Quantifying cellular dynamics in mice using a novel fluorescent division reporter system

The dynamics of cell populations are frequently studied in vivo using pulse-chase DNA labeling techniques. When combined with mathematical models, the kinetic of label uptake and loss within a population of interest then allows one to estimate rates of cell production and turnover through death or onward differentiation. Here we explore an alternative method of quantifying cellular dynamics, using a cell fate-mapping mouse model in which dividing cells can be induced to constitutively express a fluorescent protein, using a Ki67 reporter construct.

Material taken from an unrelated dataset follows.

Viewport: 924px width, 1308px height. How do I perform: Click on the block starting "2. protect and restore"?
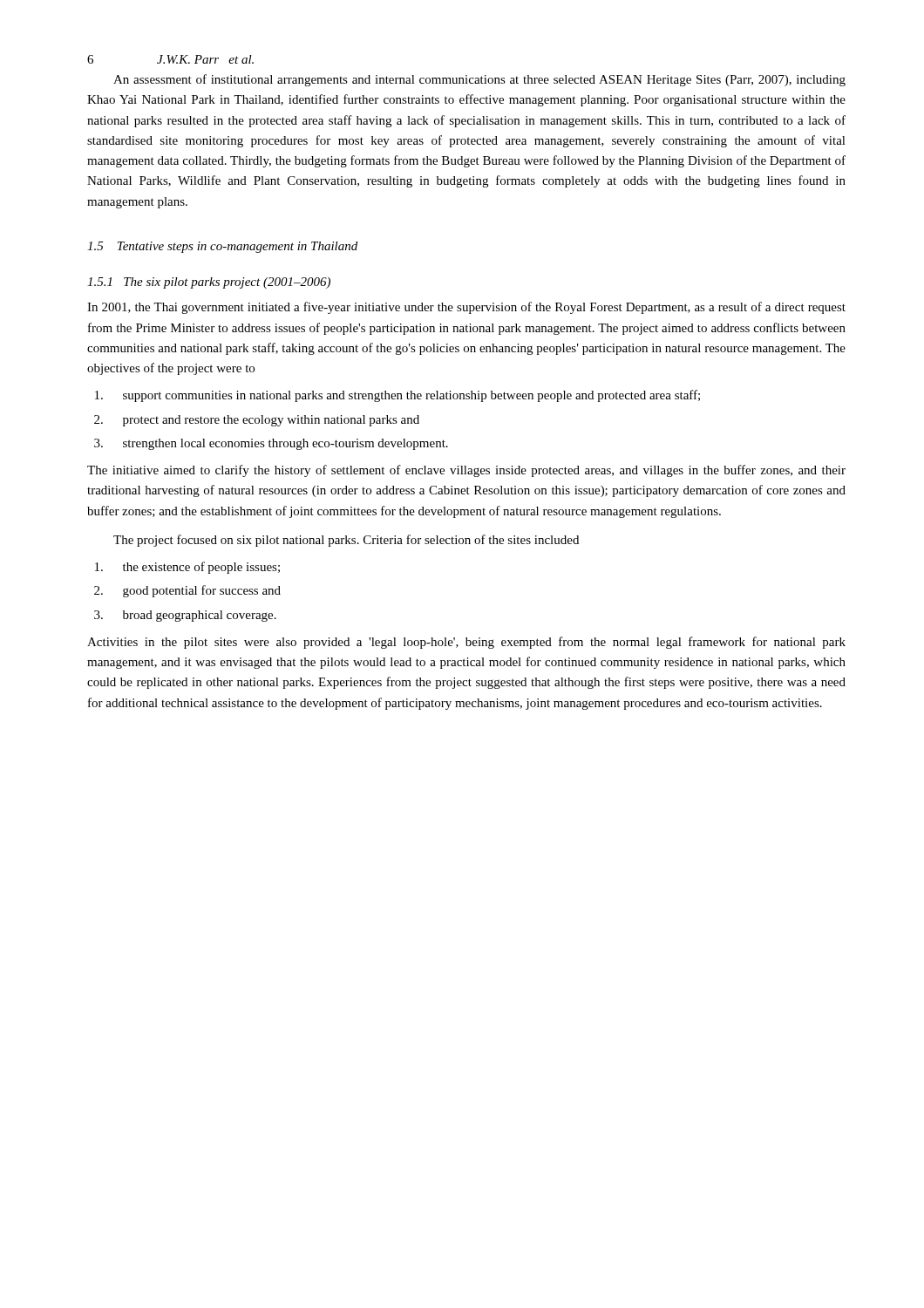[257, 421]

We use a pulse-chase approach with this reporter mouse system to measure the lifespans and division rates of naive CD4 and CD8 T cells using a variety of modeling approaches, and show that they are all consistent with estimates derived from other published methods. However we propose that to obtain unbiased parameter estimates and full measures of their uncertainty one should simultaneously model the timecourses of the frequencies of labeled cells within both the population of interest and its precursor. We conclude that Ki67 reporter mice provide a promising system for modeling cellular dynamics.

Automated summary

The dynamics of cell populations are often studied using pulse-chase DNA labeling techniques combined with mathematical models. In this study, an alternative method using a cell fate-mapping mouse model is explored, in which dividing cells constitutively express a fluorescent protein. The lifespans and division rates of naive CD4 and CD8 T cells are measured using a pulse-chase approach with this reporter mouse system, and the estimates are consistent with other published methods. It is proposed that modeling the timecourses of labeled cell frequencies in both the population of interest and its precursor simultaneously can provide unbiased parameter estimates and full measures of uncertainty. Ki67 reporter mice offer a promising system for modeling cellular dynamics.